List each line of the data that holds the word "lightlight".

GIVEN ENTRIES:
════

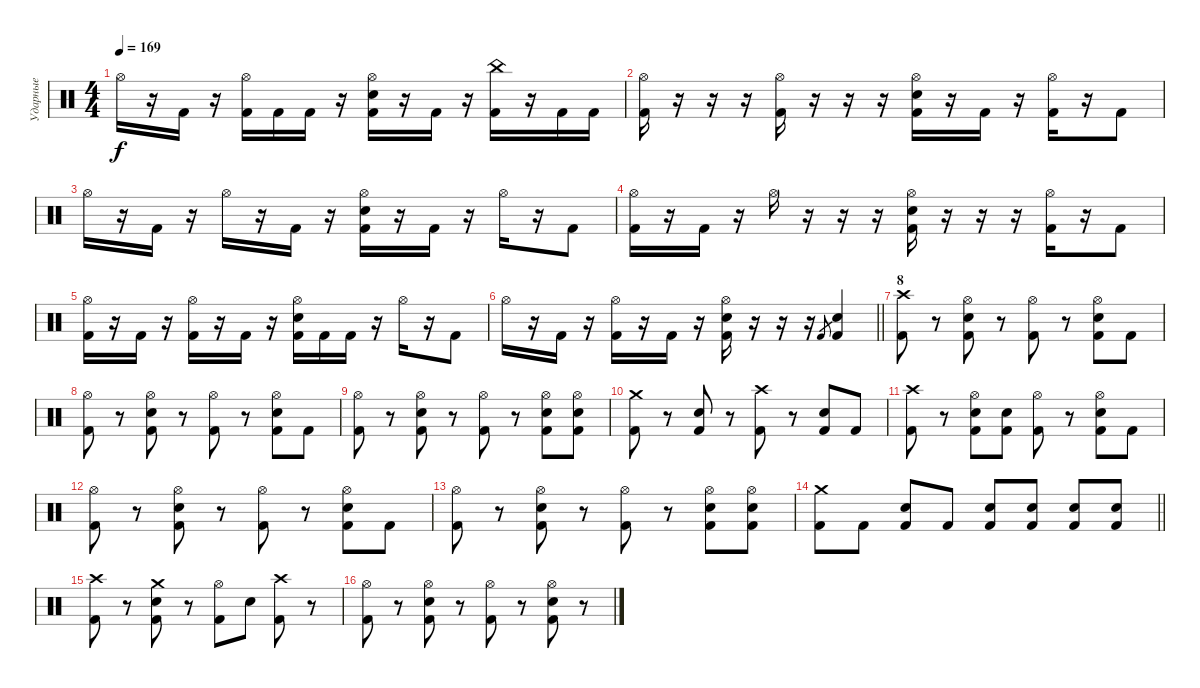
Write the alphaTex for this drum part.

\track ("Ударные" "Ударные") {instrument percussion}
\staff {score}
\articulation defaults
\ts (4 4)
\tempo 169
\clef neutral
\ks c "Hi-Hat (open)".16{dy f}
r.16 "Kick (hit) 2".16 r.16 ("Hi-Hat (open)" "Kick (hit) 2").16 "Kick (hit) 2".16 "Kick (hit) 2".16 r.16 ("Hi-Hat (open)" "Snare (hit) 2" "Kick (hit) 2").16 r.16 "Kick (hit) 2".16 r.16 ("China (hit)" "Kick (hit) 2").16 r.16 "Kick (hit) 2".16 "Kick (hit) 2".16 |
("Hi-Hat (open)" "Kick (hit) 2").16 r.16 r.16 r.16 ("Hi-Hat (open)" "Kick (hit) 2").16 r.16 r.16 r.16 ("Hi-Hat (open)" "Snare (hit) 2" "Kick (hit) 2").16 r.16 "Kick (hit) 2".16 r.16 ("Hi-Hat (open)" "Kick (hit) 2").16 r.16 "Kick (hit) 2".8 |
"Hi-Hat (open)".16 r.16 "Kick (hit) 2".16 r.16 "Hi-Hat (open)".16 r.16 "Kick (hit) 2".16 r.16 ("Hi-Hat (open)" "Snare (hit) 2" "Kick (hit) 2").16 r.16 "Kick (hit) 2".16 r.16 "Hi-Hat (open)".16 r.16 "Kick (hit) 2".8 |
("Hi-Hat (open)" "Kick (hit) 2").16 r.16 "Kick (hit) 2".16 r.16 "Hi-Hat (open)".16 r.16 r.16 r.16 ("Hi-Hat (open)" "Snare (hit) 2" "Kick (hit) 2").16 r.16 r.16 r.16 ("Hi-Hat (open)" "Kick (hit) 2").16 r.16 "Kick (hit) 2".8 |
("Hi-Hat (open)" "Kick (hit) 2").16 r.16 "Kick (hit) 2".16 r.16 ("Hi-Hat (open)" "Kick (hit) 2").16 r.16 "Kick (hit) 2".16 r.16 ("Hi-Hat (open)" "Snare (hit) 2" "Kick (hit) 2").16 "Kick (hit) 2".16 "Kick (hit) 2".16 r.16 "Hi-Hat (open)".16 r.16 "Kick (hit) 2".8 |
\barLineRight lightlight "Hi-Hat (open)".16
r.16 "Kick (hit) 2".16 r.16 ("Hi-Hat (open)" "Kick (hit) 2").16 r.16 "Kick (hit) 2".16 r.16 ("Hi-Hat (open)" "Snare (hit) 2" "Kick (hit) 2").16 r.16 r.16 r.16 "Kick (hit) 2".8{gr} ("Snare (hit) 2" "Kick (hit) 2").4 |
\section ("" "8")
("Kick (hit) 2" "Crash high (hit)").8 r.8 ("Snare (hit) 2" "Kick (hit) 2" "Hi-Hat (open)").8 r.8 ("Kick (hit) 2" "Hi-Hat (open)").8 r.8 ("Snare (hit) 2" "Kick (hit) 2" "Hi-Hat (open)").8 "Kick (hit) 2".8 |
("Kick (hit) 2" "Hi-Hat (open)").8 r.8 ("Snare (hit) 2" "Kick (hit) 2" "Hi-Hat (open)").8 r.8 ("Kick (hit) 2" "Hi-Hat (open)").8 r.8 ("Snare (hit) 2" "Kick (hit) 2" "Hi-Hat (open)").8 "Kick (hit) 2".8 |
("Kick (hit) 2" "Hi-Hat (open)").8 r.8 ("Snare (hit) 2" "Kick (hit) 2" "Hi-Hat (open)").8 r.8 ("Kick (hit) 2" "Hi-Hat (open)").8 r.8 ("Snare (hit) 2" "Kick (hit) 2" "Hi-Hat (open)").8 ("Snare (hit) 2" "Kick (hit) 2" "Hi-Hat (open)").8 |
("Kick (hit) 2" "Crash medium (hit)").8 r.8 ("Snare (hit) 2" "Kick (hit) 2").8 r.8 ("Kick (hit) 2" "Crash high (hit)").8 r.8 ("Snare (hit) 2" "Kick (hit) 2").8 "Kick (hit) 2".8 |
("Kick (hit) 2" "Crash high (hit)").8 r.8 ("Snare (hit) 2" "Kick (hit) 2" "Hi-Hat (open)").8 ("Snare (hit) 2" "Kick (hit) 2").8 ("Kick (hit) 2" "Hi-Hat (open)").8 r.8 ("Snare (hit) 2" "Kick (hit) 2" "Hi-Hat (open)").8 "Kick (hit) 2".8 |
("Kick (hit) 2" "Hi-Hat (open)").8 r.8 ("Snare (hit) 2" "Kick (hit) 2" "Hi-Hat (open)").8 r.8 ("Kick (hit) 2" "Hi-Hat (open)").8 r.8 ("Snare (hit) 2" "Kick (hit) 2" "Hi-Hat (open)").8 "Kick (hit) 2".8 |
("Kick (hit) 2" "Hi-Hat (open)").8 r.8 ("Snare (hit) 2" "Kick (hit) 2" "Hi-Hat (open)").8 r.8 ("Kick (hit) 2" "Hi-Hat (open)").8 r.8 ("Snare (hit) 2" "Kick (hit) 2" "Hi-Hat (open)").8 ("Snare (hit) 2" "Kick (hit) 2" "Hi-Hat (open)").8 |
\barLineRight lightlight
("Kick (hit) 2" "Crash medium (hit)").8 "Kick (hit) 2".8 ("Snare (hit) 2" "Kick (hit) 2").8 "Kick (hit) 2".8 ("Snare (hit) 2" "Kick (hit) 2").8 ("Snare (hit) 2" "Kick (hit) 2").8 ("Snare (hit) 2" "Kick (hit) 2").8 ("Snare (hit) 2" "Kick (hit) 2").8 |
("Kick (hit) 2" "Crash high (hit)").8 r.8 ("Snare (hit) 2" "Kick (hit) 2" "Crash medium (hit)").8 r.8 ("Kick (hit) 2" "Hi-Hat (open)").8 "Snare (hit) 2".8 ("Kick (hit) 2" "Crash high (hit)").8 r.8 |
("Kick (hit) 2" "Hi-Hat (open)").8 r.8 ("Snare (hit) 2" "Kick (hit) 2" "Hi-Hat (open)").8 r.8 ("Kick (hit) 2" "Hi-Hat (open)").8 r.8 ("Snare (hit) 2" "Kick (hit) 2" "Hi-Hat (open)").8 r.8

════

TASK RESULT:
\barLineRight lightlight "Hi-Hat (open)".16
\barLineRight lightlight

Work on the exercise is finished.